I didn’t turn off the radio because I wanted to turn off the radio, and I don’t block ad sites because I want to block ads. I’m blocking a particular ad. Don’t run that ad, and I won’t block your ads. I love ads. I used to buy magazines such as 73, 80-Micro, Dragon, Rainbow, and even Omni, as much for the ads as for the content. I even loved the weirdo ads in Sheet Music Magazine. Back in the late nineties, there was a web site devoted to cool ads which I visited regularly.1 That’s where I first saw the tda advertising & design ad. I enjoyed it so much I still show it off whenever the opportunity arises.2

Colorado loses real revenue chasing fantasies—Monday, March 8th, 2010

Colorado wants special treatment from Amazon. Amazon is giving them what they asked for. By chasing fantasy taxes (out-of-state sales tax), Colorado has given up real taxes (in-state income tax). I hope California doesn’t follow suit, but it would make my tax form easier.
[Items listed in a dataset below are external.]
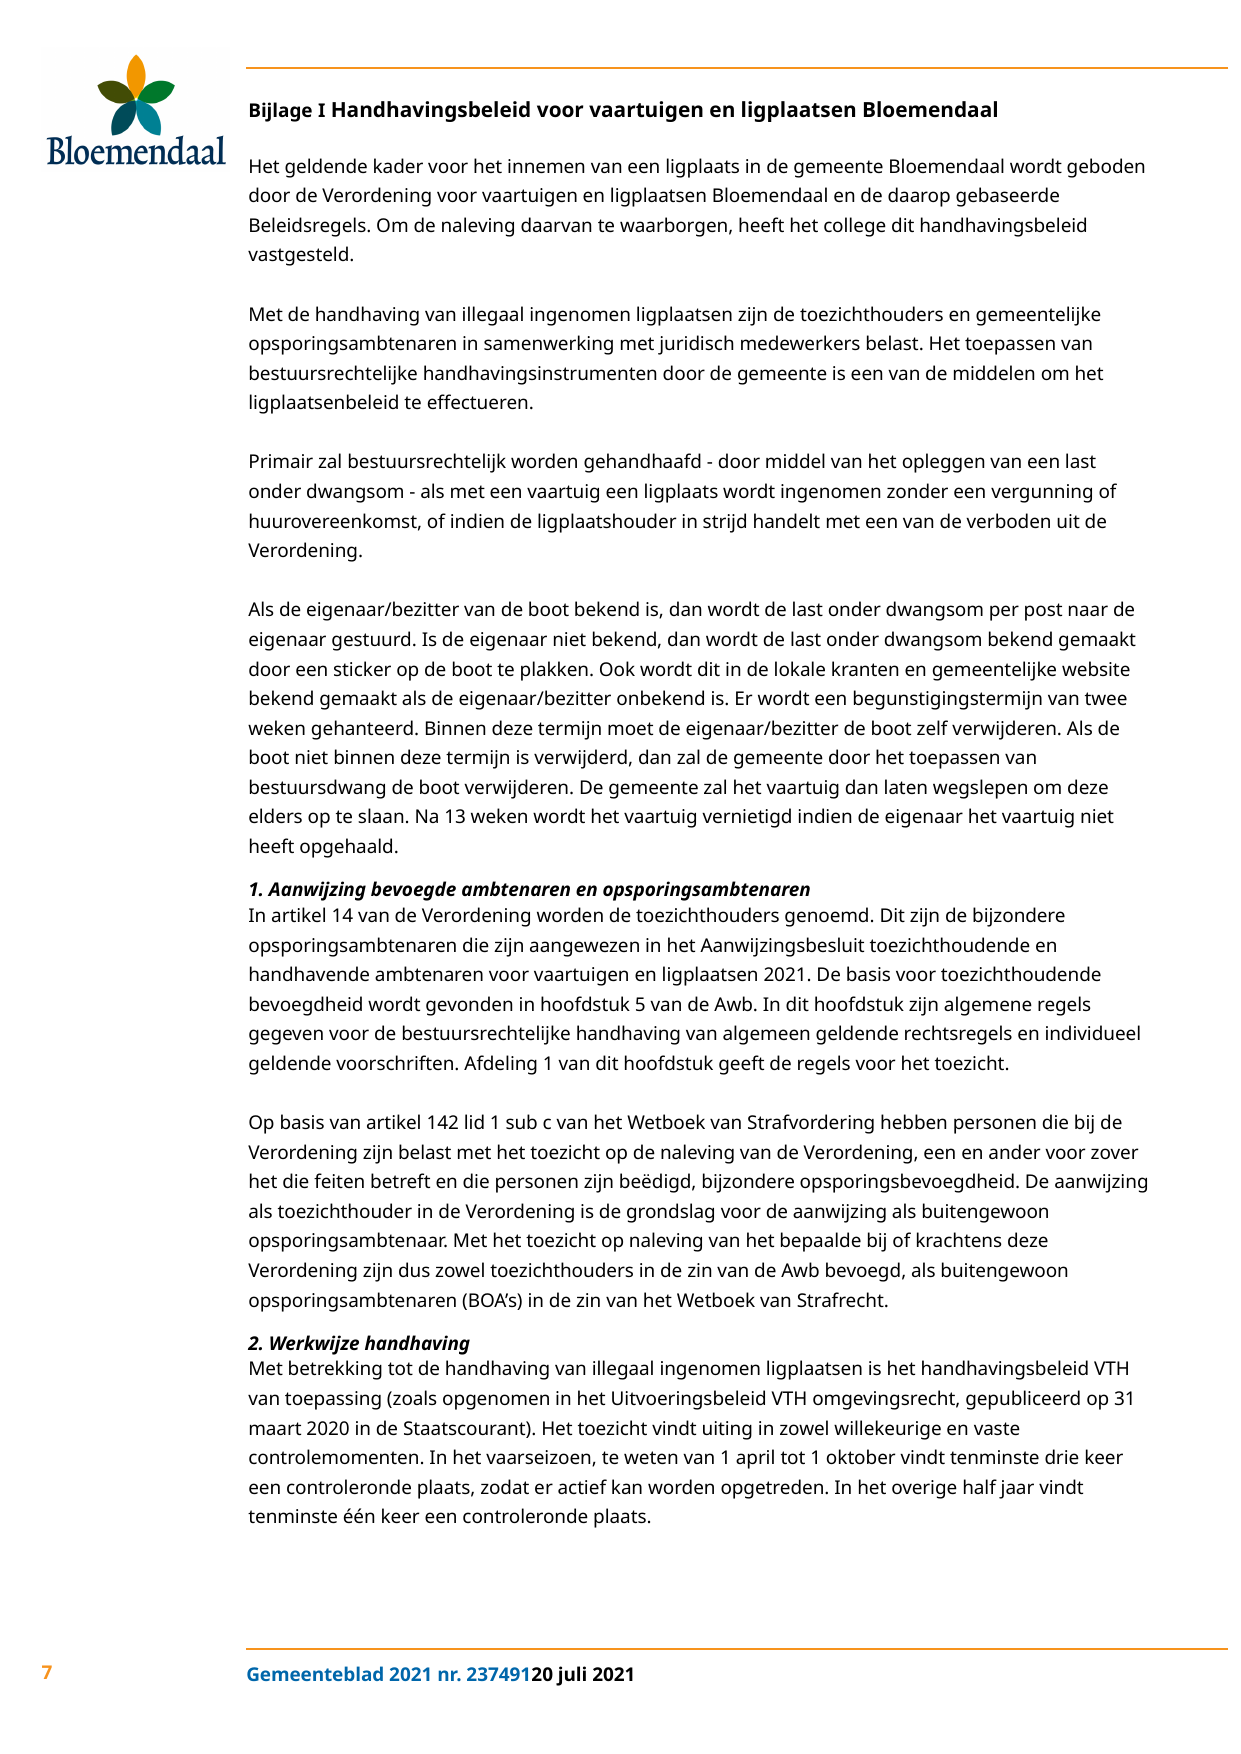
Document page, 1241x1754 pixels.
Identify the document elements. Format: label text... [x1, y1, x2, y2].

text Als de eigenaar/bezitter van de boot bekend is, dan wordt de last onder dwangsom per post naar de eigenaar gestuurd. Is de eigenaar niet bekend, dan wordt de last onder dwangsom bekend gemaakt door een sticker op de boot te plakken. Ook wordt dit in de lokale kranten en gemeentelijke website bekend gemaakt als de eigenaar/bezitter onbekend is. Er wordt een begunstigingstermijn van twee weken gehanteerd. Binnen deze termijn moet de eigenaar/bezitter de boot zelf verwijderen. Als de boot niet binnen deze termijn is verwijderd, dan zal de gemeente door het toepassen van bestuursdwang de boot verwijderen. De gemeente zal het vaartuig dan laten wegslepen om deze elders op te slaan. Na 13 weken wordt het vaartuig vernietigd indien de eigenaar het vaartuig niet heeft opgehaald. [248, 597, 1152, 859]
text Primair zal bestuursrechtelijk worden gehandhaafd - door middel van het opleggen van een last onder dwangsom - als met een vaartuig een ligplaats wordt ingenomen zonder een vergunning of huurovereenkomst, of indien de ligplaatshouder in strijd handelt met een van de verboden uit de Verordening. [248, 449, 1152, 563]
text 1. Aanwijzing bevoegde ambtenaren en opsporingsambtenaren [248, 876, 1152, 902]
text In artikel 14 van de Verordening worden de toezichthouders genoemd. Dit zijn de bijzondere opsporingsambtenaren die zijn aangewezen in het Aanwijzingsbesluit toezichthoudende en handhavende ambtenaren voor vaartuigen en ligplaatsen 2021. De basis voor toezichthoudende bevoegdheid wordt gevonden in hoofdstuk 5 van de Awb. In dit hoofdstuk zijn algemene regels gegeven voor de bestuursrechtelijke handhaving van algemeen geldende rechtsregels en individueel geldende voorschriften. Afdeling 1 van dit hoofdstuk geeft de regels voor het toezicht. [248, 902, 1152, 1076]
text 2. Werkwijze handhaving [248, 1330, 1152, 1356]
text Met betrekking tot de handhaving van illegaal ingenomen ligplaatsen is het handhavingsbeleid VTH van toepassing (zoals opgenomen in het Uitvoeringsbeleid VTH omgevingsrecht, gepubliceerd op 31 maart 2020 in de Staatscourant). Het toezicht vindt uiting in zowel willekeurige en vaste controlemomenten. In het vaarseizoen, te weten van 1 april tot 1 oktober vindt tenminste drie keer een controleronde plaats, zodat er actief kan worden opgetreden. In het overige half jaar vindt tenminste één keer een controleronde plaats. [248, 1356, 1152, 1529]
text Met de handhaving van illegaal ingenomen ligplaatsen zijn de toezichthouders en gemeentelijke opsporingsambtenaren in samenwerking met juridisch medewerkers belast. Het toepassen van bestuursrechtelijke handhavingsinstrumenten door de gemeente is een van de middelen om het ligplaatsenbeleid te effectueren. [248, 301, 1152, 415]
text Bijlage I Handhavingsbeleid voor vaartuigen en ligplaatsen Bloemendaal [248, 95, 1152, 123]
picture [41, 47, 231, 172]
text Het geldende kader voor het innemen van een ligplaats in de gemeente Bloemendaal wordt geboden door de Verordening voor vaartuigen en ligplaatsen Bloemendaal en de daarop gebaseerde Beleidsregels. Om de naleving daarvan te waarborgen, heeft het college dit handhavingsbeleid vastgesteld. [248, 153, 1152, 267]
text Op basis van artikel 142 lid 1 sub c van het Wetboek van Strafvordering hebben personen die bij de Verordening zijn belast met het toezicht op de naleving van de Verordening, een en ander voor zover het die feiten betreft en die personen zijn beëdigd, bijzondere opsporingsbevoegdheid. De aanwijzing als toezichthouder in de Verordening is de grondslag voor de aanwijzing als buitengewoon opsporingsambtenaar. Met het toezicht op naleving van het bepaalde bij of krachtens deze Verordening zijn dus zowel toezichthouders in de zin van de Awb bevoegd, als buitengewoon opsporingsambtenaren (BOA’s) in de zin van het Wetboek van Strafrecht. [248, 1109, 1152, 1312]

As I wrote in Punishing low-tax states, the simplest way to handle out-of-state taxes is to tax based on the location of the seller, not the location of the buyer. The latter ensures a complex system that costs consumers a lot of money both because businesses will need to hire experts to manage it and because it will increase the difficulty of new competitors starting up.

If a state has a 5% sales tax, then every purchase from companies based in that state are charged 5%; that company sends a list of zip codes and purchase totals to their own state, which distributes it to the other 49 based on zip codes. If a state has no sales tax, then companies in that state don’t need to collect sales tax.
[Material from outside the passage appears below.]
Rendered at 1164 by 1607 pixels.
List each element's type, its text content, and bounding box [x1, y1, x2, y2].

Easy to manage, even for startups. Preserves privacy. And doesn’t punish low-tax states.

Be thankful we let you live—Thursday, March 4th, 2010

“When you’re using tactics designed to confuse and disorient the people in the house you’re raiding, you can’t then turn around and blame them when, disoriented and confused, they mistake the police for invading criminals.”
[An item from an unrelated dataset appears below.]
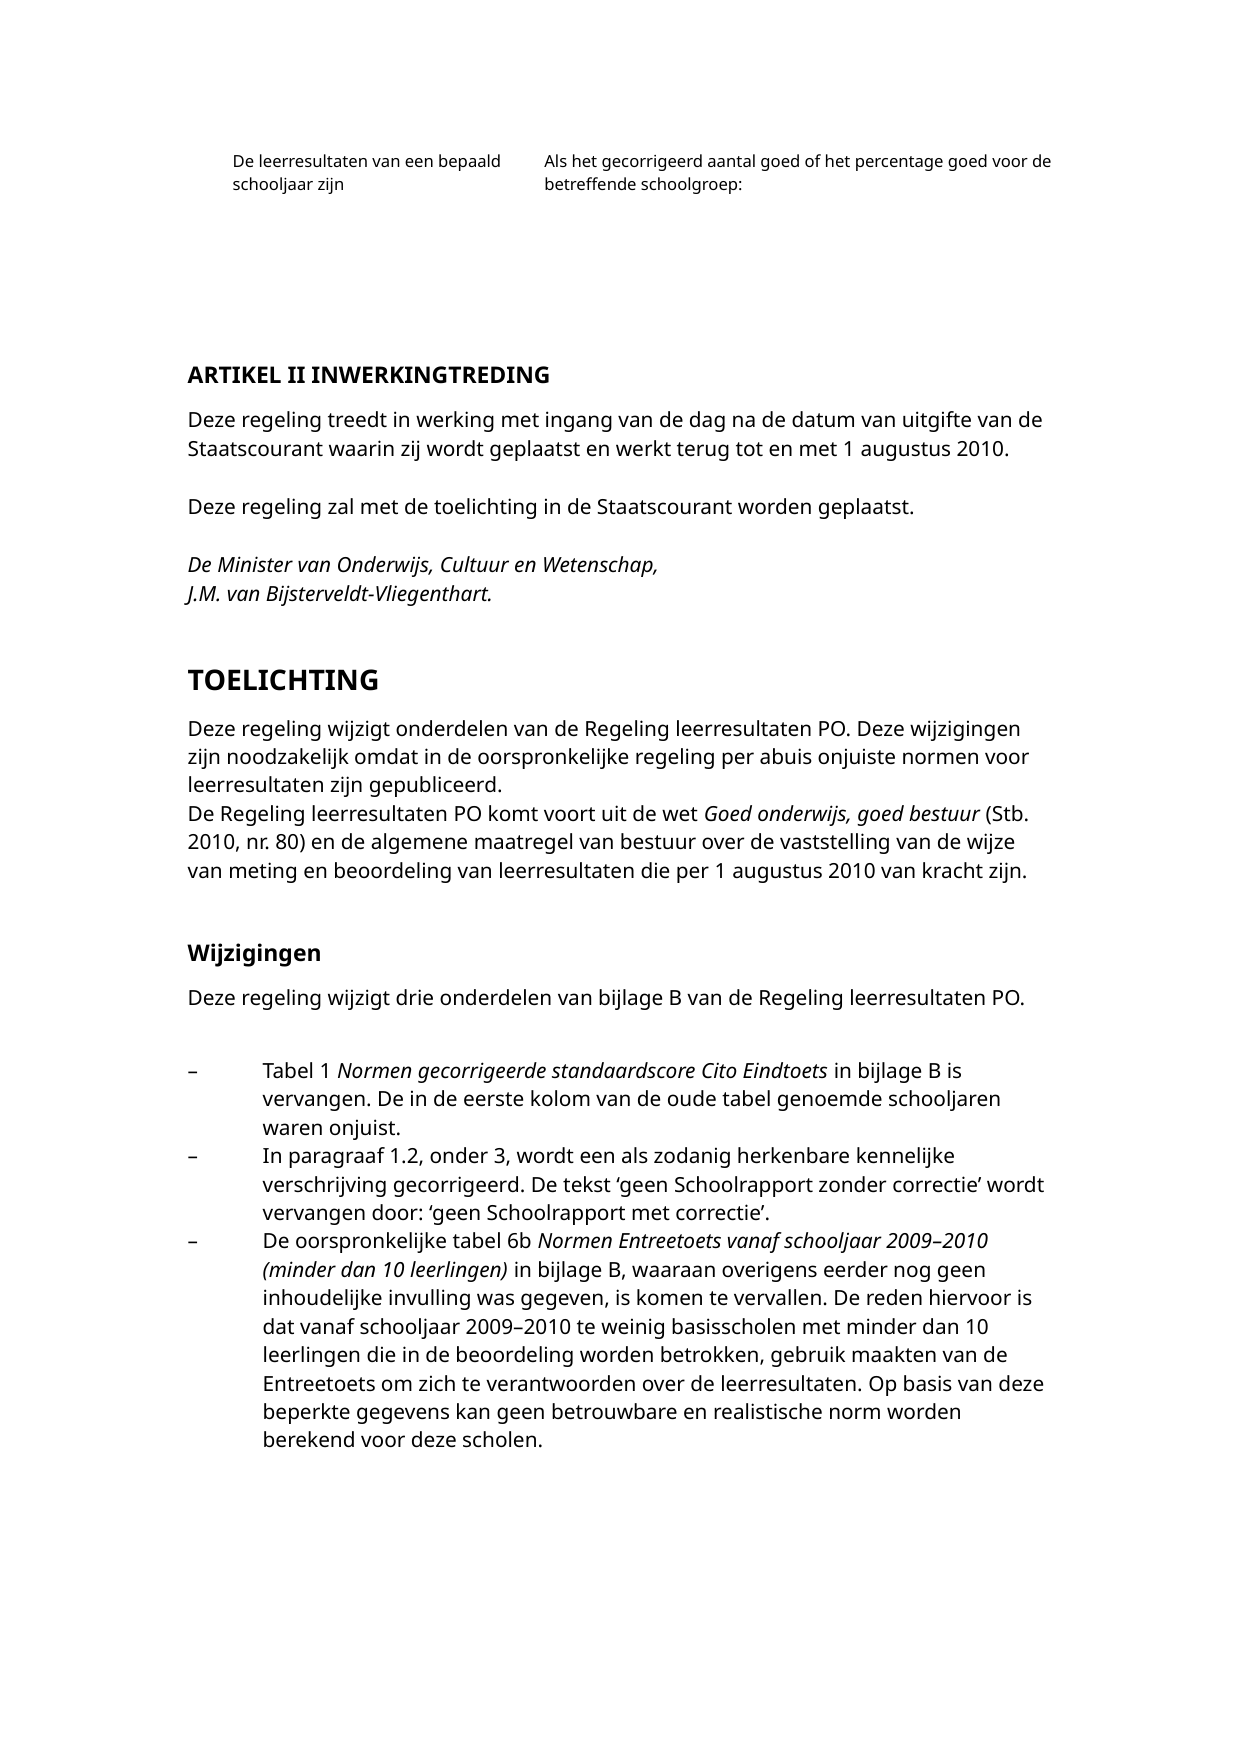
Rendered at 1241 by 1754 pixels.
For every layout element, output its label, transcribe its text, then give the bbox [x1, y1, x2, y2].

“The utter tone-deafness of this line from Schweinsburg is appalling. How dare this mayor question the cops who nearly killed him.”

Alice in Wonderland budgeting—Wednesday, March 3rd, 2010

Alice in Wonderland budgeting. “All of you as mayors would never get away with it. Here in the statehouse, we get away with it.” Governor Christie argues that the solution is in front of them. “We just have to have the courage to go there.”

This is a must-watch video; I wish it were embeddable, and I hope that it doesn’t disappear when the next On The Record comes out.

(Hat tip to Ace at Ace of Spades HQ.)
The All-New (Improved) ElectedNet!—Monday, March 1st, 2010

ElectedNet! used to rely on Grace York’s data set at the University of Michigan; but that went away a little over a year ago. I’ve switched to taking the data directly from the House and Senate web sites1. This means I lose email addresses, but there weren’t many addresses left in the last data set anyway.

In the last build I pulled from Grace’s file in 2008, out of 440 House members, only 26 entries included an email address. Out of 100 Senators, only five entires included an email address. I can’t blame them. Spam makes public addresses nearly worthless.

The Senate data now includes the Washington address and phone number for most members. It also includes when they are next up for re-election. House members are always up for re-election; the White House is up every four years. But Senators are up every six years, and to keep the Senate from having massive turnover every six years Senate seats are divided into three classes, and each class is up for election in a different year.

A bit of quick math lets me get the first Tuesday after the first Monday in November of that year, and I display the actual election date for each seat.

This also lets me add a new feature: you can search on who is up for re-election in the next election, and, if it differs from the next election, the next Presidential election.